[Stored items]
►
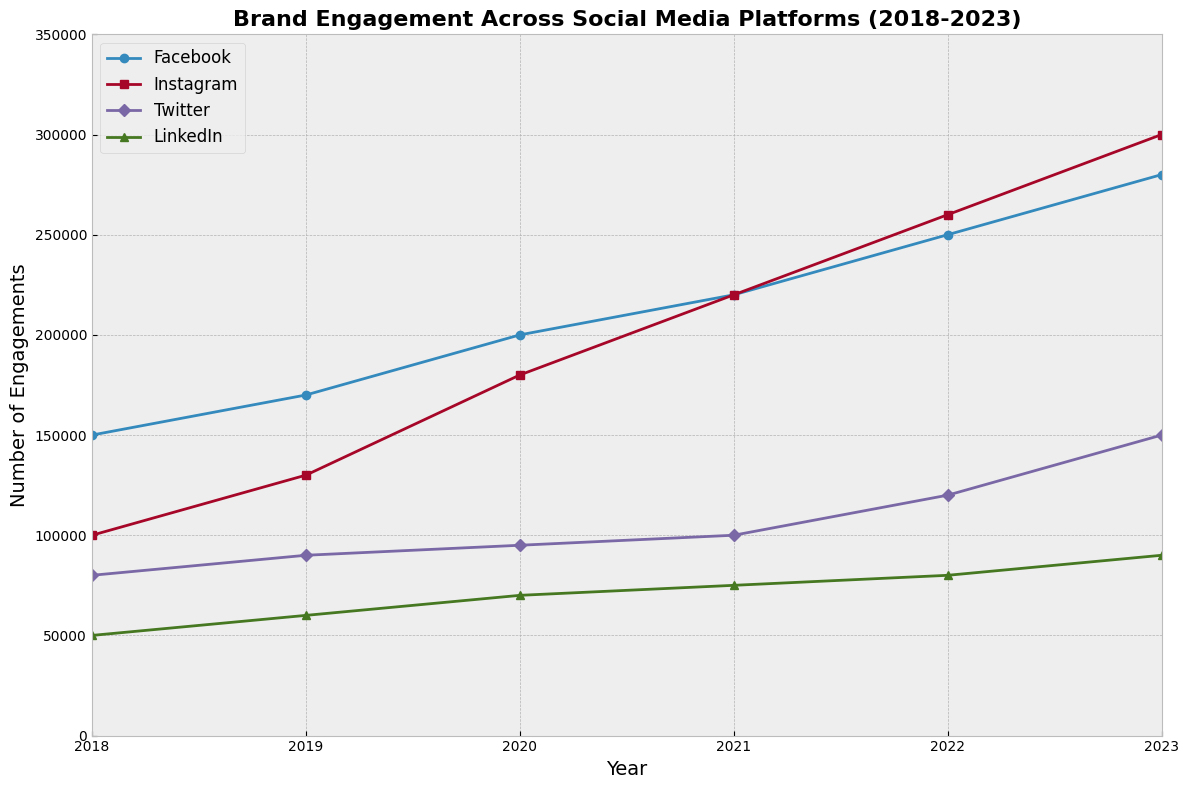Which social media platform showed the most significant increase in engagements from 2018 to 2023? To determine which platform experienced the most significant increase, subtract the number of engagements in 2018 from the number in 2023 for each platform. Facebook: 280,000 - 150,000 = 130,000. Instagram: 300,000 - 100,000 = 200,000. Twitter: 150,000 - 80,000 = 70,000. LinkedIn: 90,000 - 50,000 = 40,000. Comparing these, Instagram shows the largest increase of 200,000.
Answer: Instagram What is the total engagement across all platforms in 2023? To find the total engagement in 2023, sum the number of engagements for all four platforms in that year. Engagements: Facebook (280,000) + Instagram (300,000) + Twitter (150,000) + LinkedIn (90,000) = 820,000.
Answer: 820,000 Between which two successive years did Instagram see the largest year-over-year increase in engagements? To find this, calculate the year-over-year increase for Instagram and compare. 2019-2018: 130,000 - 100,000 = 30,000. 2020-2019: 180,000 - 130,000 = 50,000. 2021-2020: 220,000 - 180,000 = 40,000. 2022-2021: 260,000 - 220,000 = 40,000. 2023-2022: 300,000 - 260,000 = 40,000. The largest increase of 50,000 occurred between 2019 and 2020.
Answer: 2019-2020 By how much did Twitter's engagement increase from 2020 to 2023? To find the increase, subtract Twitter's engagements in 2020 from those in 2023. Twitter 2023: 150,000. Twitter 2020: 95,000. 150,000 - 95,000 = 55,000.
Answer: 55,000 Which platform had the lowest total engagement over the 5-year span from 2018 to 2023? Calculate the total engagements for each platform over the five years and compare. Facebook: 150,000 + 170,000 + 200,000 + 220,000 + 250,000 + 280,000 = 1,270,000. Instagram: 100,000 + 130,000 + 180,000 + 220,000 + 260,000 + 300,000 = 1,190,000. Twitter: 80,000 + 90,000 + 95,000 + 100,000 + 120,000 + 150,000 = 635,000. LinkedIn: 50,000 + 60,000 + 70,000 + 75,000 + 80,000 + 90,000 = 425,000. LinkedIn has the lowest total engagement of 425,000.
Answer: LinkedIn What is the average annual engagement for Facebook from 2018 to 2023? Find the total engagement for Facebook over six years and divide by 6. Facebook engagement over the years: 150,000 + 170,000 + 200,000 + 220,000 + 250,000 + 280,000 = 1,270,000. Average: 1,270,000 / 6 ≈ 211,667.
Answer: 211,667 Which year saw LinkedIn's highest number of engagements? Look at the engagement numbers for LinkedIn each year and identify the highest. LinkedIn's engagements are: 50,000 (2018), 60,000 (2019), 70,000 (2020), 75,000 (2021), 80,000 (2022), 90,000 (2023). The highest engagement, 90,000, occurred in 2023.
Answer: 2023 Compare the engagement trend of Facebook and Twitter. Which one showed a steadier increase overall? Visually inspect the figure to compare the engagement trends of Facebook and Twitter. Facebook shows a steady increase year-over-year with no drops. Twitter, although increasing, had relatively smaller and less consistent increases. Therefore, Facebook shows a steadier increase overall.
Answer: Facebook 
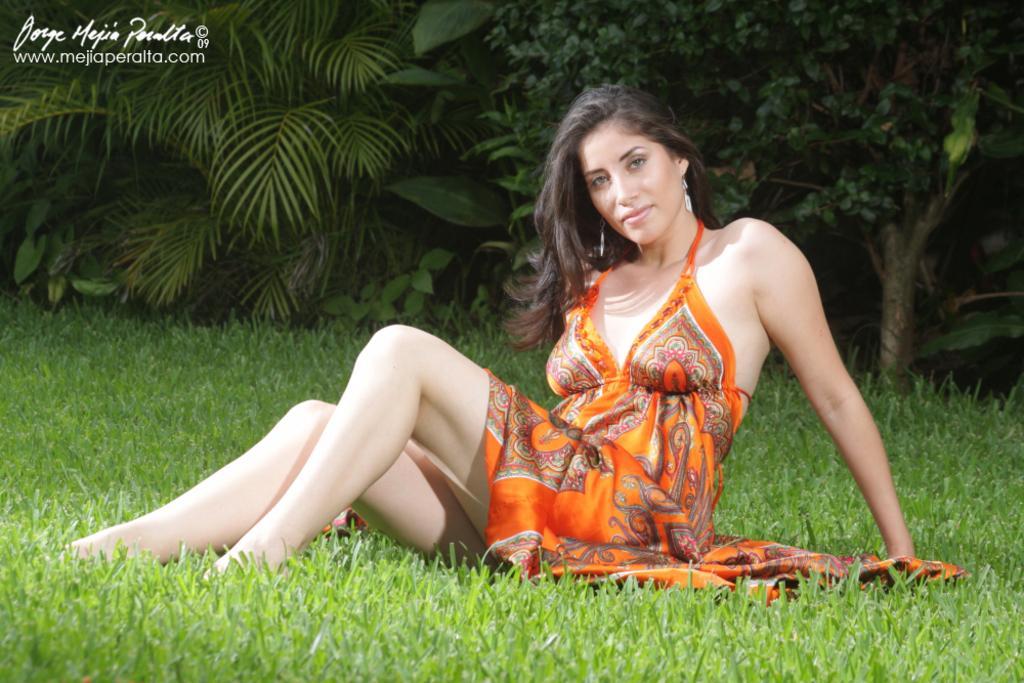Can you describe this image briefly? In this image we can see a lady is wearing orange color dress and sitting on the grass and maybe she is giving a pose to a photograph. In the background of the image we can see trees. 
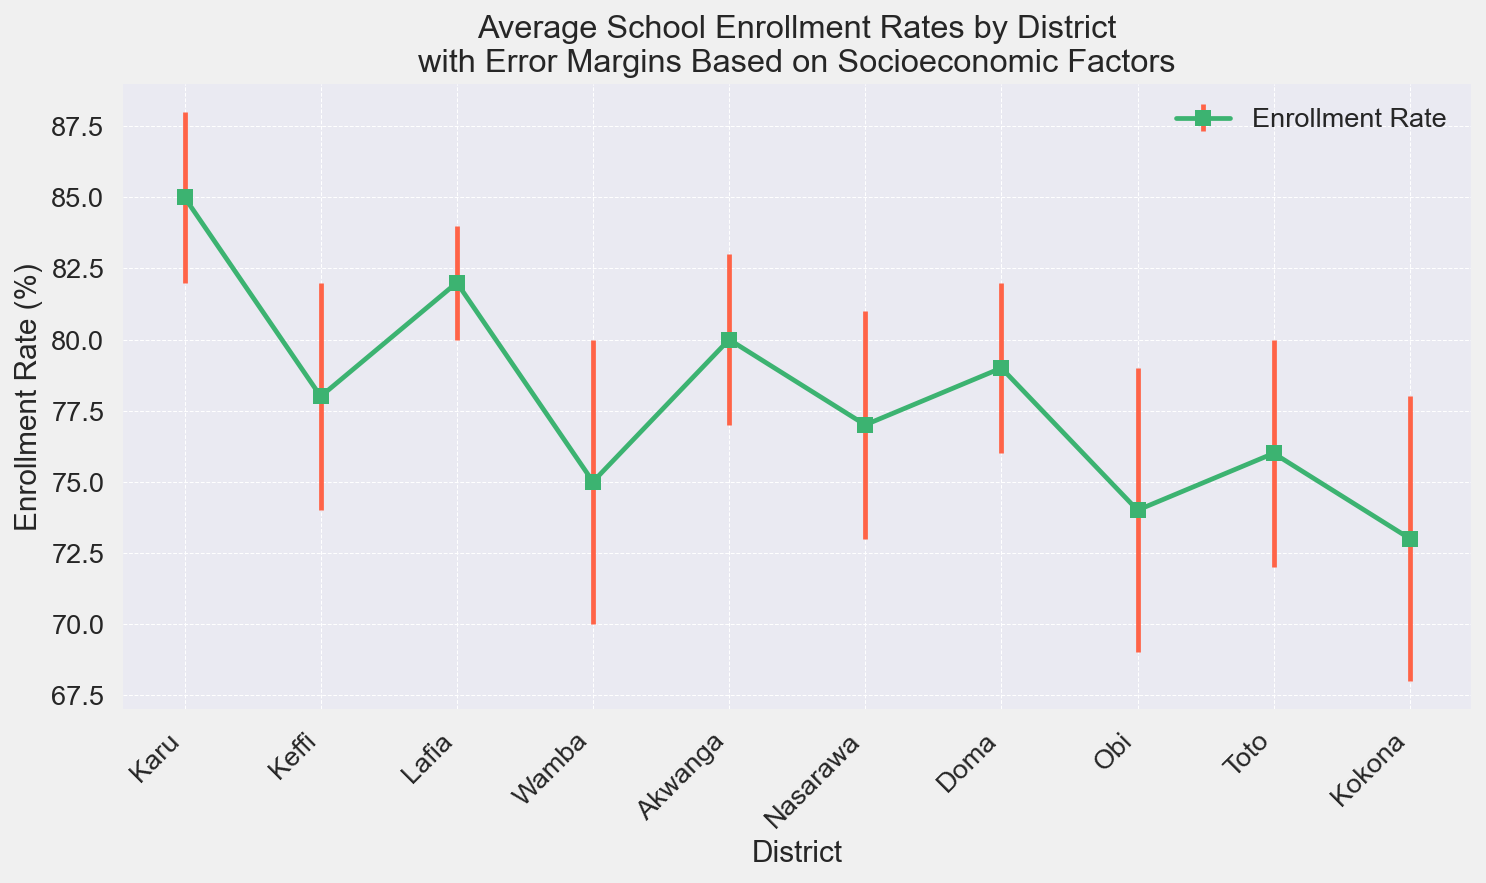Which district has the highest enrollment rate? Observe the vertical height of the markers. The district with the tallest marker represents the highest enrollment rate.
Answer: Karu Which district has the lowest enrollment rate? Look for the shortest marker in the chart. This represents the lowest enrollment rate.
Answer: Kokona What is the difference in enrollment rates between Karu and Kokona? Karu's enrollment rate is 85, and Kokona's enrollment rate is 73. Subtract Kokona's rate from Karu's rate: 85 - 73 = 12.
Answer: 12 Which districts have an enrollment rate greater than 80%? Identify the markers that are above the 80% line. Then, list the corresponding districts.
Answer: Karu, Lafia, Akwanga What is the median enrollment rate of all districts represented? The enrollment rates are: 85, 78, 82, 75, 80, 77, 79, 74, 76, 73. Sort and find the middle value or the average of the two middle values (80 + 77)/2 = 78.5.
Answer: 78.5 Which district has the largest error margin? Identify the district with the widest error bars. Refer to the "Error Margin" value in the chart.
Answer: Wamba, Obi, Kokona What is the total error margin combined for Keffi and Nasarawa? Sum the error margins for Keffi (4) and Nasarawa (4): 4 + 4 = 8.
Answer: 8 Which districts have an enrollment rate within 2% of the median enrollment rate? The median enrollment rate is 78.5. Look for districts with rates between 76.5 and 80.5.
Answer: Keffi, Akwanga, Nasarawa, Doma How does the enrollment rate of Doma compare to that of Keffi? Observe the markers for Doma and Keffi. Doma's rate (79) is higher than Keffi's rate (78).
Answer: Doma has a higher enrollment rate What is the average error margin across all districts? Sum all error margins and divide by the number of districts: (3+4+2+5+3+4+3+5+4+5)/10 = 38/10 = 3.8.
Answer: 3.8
◄
• TASK PROMPT
Your copy should match the data exactly, apart from the images, which are dropped.

• WRITTEN SOLUTION
Which social media platform showed the most significant increase in engagements from 2018 to 2023? To determine which platform experienced the most significant increase, subtract the number of engagements in 2018 from the number in 2023 for each platform. Facebook: 280,000 - 150,000 = 130,000. Instagram: 300,000 - 100,000 = 200,000. Twitter: 150,000 - 80,000 = 70,000. LinkedIn: 90,000 - 50,000 = 40,000. Comparing these, Instagram shows the largest increase of 200,000.
Answer: Instagram What is the total engagement across all platforms in 2023? To find the total engagement in 2023, sum the number of engagements for all four platforms in that year. Engagements: Facebook (280,000) + Instagram (300,000) + Twitter (150,000) + LinkedIn (90,000) = 820,000.
Answer: 820,000 Between which two successive years did Instagram see the largest year-over-year increase in engagements? To find this, calculate the year-over-year increase for Instagram and compare. 2019-2018: 130,000 - 100,000 = 30,000. 2020-2019: 180,000 - 130,000 = 50,000. 2021-2020: 220,000 - 180,000 = 40,000. 2022-2021: 260,000 - 220,000 = 40,000. 2023-2022: 300,000 - 260,000 = 40,000. The largest increase of 50,000 occurred between 2019 and 2020.
Answer: 2019-2020 By how much did Twitter's engagement increase from 2020 to 2023? To find the increase, subtract Twitter's engagements in 2020 from those in 2023. Twitter 2023: 150,000. Twitter 2020: 95,000. 150,000 - 95,000 = 55,000.
Answer: 55,000 Which platform had the lowest total engagement over the 5-year span from 2018 to 2023? Calculate the total engagements for each platform over the five years and compare. Facebook: 150,000 + 170,000 + 200,000 + 220,000 + 250,000 + 280,000 = 1,270,000. Instagram: 100,000 + 130,000 + 180,000 + 220,000 + 260,000 + 300,000 = 1,190,000. Twitter: 80,000 + 90,000 + 95,000 + 100,000 + 120,000 + 150,000 = 635,000. LinkedIn: 50,000 + 60,000 + 70,000 + 75,000 + 80,000 + 90,000 = 425,000. LinkedIn has the lowest total engagement of 425,000.
Answer: LinkedIn What is the average annual engagement for Facebook from 2018 to 2023? Find the total engagement for Facebook over six years and divide by 6. Facebook engagement over the years: 150,000 + 170,000 + 200,000 + 220,000 + 250,000 + 280,000 = 1,270,000. Average: 1,270,000 / 6 ≈ 211,667.
Answer: 211,667 Which year saw LinkedIn's highest number of engagements? Look at the engagement numbers for LinkedIn each year and identify the highest. LinkedIn's engagements are: 50,000 (2018), 60,000 (2019), 70,000 (2020), 75,000 (2021), 80,000 (2022), 90,000 (2023). The highest engagement, 90,000, occurred in 2023.
Answer: 2023 Compare the engagement trend of Facebook and Twitter. Which one showed a steadier increase overall? Visually inspect the figure to compare the engagement trends of Facebook and Twitter. Facebook shows a steady increase year-over-year with no drops. Twitter, although increasing, had relatively smaller and less consistent increases. Therefore, Facebook shows a steadier increase overall.
Answer: Facebook 
Can you describe this image briefly? In this image we can see a lady is wearing orange color dress and sitting on the grass and maybe she is giving a pose to a photograph. In the background of the image we can see trees. 
Which district has the highest enrollment rate? Observe the vertical height of the markers. The district with the tallest marker represents the highest enrollment rate.
Answer: Karu Which district has the lowest enrollment rate? Look for the shortest marker in the chart. This represents the lowest enrollment rate.
Answer: Kokona What is the difference in enrollment rates between Karu and Kokona? Karu's enrollment rate is 85, and Kokona's enrollment rate is 73. Subtract Kokona's rate from Karu's rate: 85 - 73 = 12.
Answer: 12 Which districts have an enrollment rate greater than 80%? Identify the markers that are above the 80% line. Then, list the corresponding districts.
Answer: Karu, Lafia, Akwanga What is the median enrollment rate of all districts represented? The enrollment rates are: 85, 78, 82, 75, 80, 77, 79, 74, 76, 73. Sort and find the middle value or the average of the two middle values (80 + 77)/2 = 78.5.
Answer: 78.5 Which district has the largest error margin? Identify the district with the widest error bars. Refer to the "Error Margin" value in the chart.
Answer: Wamba, Obi, Kokona What is the total error margin combined for Keffi and Nasarawa? Sum the error margins for Keffi (4) and Nasarawa (4): 4 + 4 = 8.
Answer: 8 Which districts have an enrollment rate within 2% of the median enrollment rate? The median enrollment rate is 78.5. Look for districts with rates between 76.5 and 80.5.
Answer: Keffi, Akwanga, Nasarawa, Doma How does the enrollment rate of Doma compare to that of Keffi? Observe the markers for Doma and Keffi. Doma's rate (79) is higher than Keffi's rate (78).
Answer: Doma has a higher enrollment rate What is the average error margin across all districts? Sum all error margins and divide by the number of districts: (3+4+2+5+3+4+3+5+4+5)/10 = 38/10 = 3.8.
Answer: 3.8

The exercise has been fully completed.